Visit the PROACTIVE research team website.
Simulated ants get to the hard-to-reach corner states
One of the hardest problems in validating designs is getting the system to reach all the possible states it will experience during use. Michael Hsiao’s team has developed a new semi-formal validation technique that gets to those corner cases by drawing inspiration from nature. The Ant-Colony-Optimization-based state justification is based on how a swarm of ants searches for the best pathway to and from a food source. An individual ant uses its own senses to search for the best route, but it also lays down a pheromone track to lead other ants along a good route when found. As the swarm continues to search, the best route grows thick with pheromone tracks, while the tracks along poorer routes evaporate over time. Eventually, the pheromone-guided ants follow only the best path.

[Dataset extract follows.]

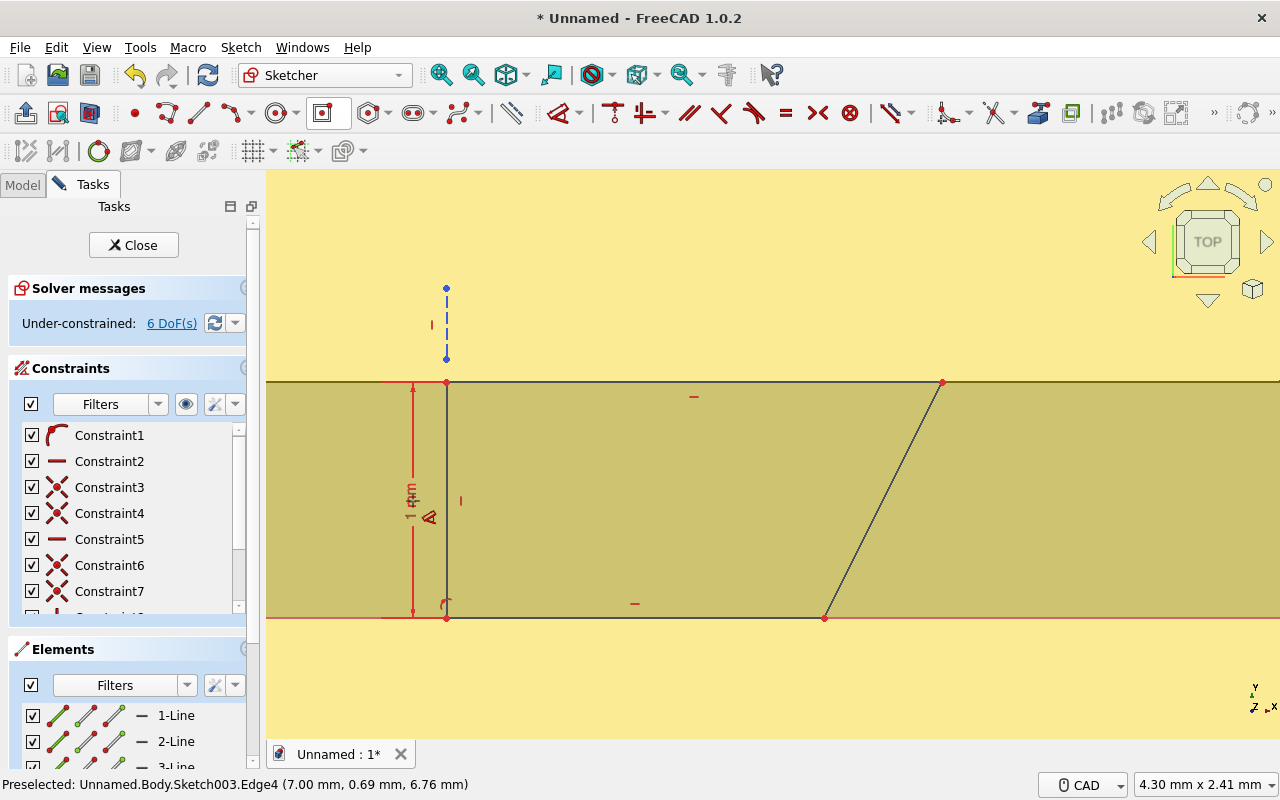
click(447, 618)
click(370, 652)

The algorithm simulates this same behavior with a swarm of simulated ants. The amount of pheromone left by the ants is directly proportional to the quality of the search. In addition, the intelligence based on the collective behavior is capable of avoiding critical dead-end states as well as fast convergence to the target state. Other researchers have proposed algorithms using random input or a genetic algorithm, but Hsiao’s team tested their ant-colony-optimization-based algorithm over a variety of state justification benchmarks, and found it faster in almost every case. “For many circuits, our technique is very effective in reaching hard-to-reach states where previous methods either fail or require more time,” Hsiao said.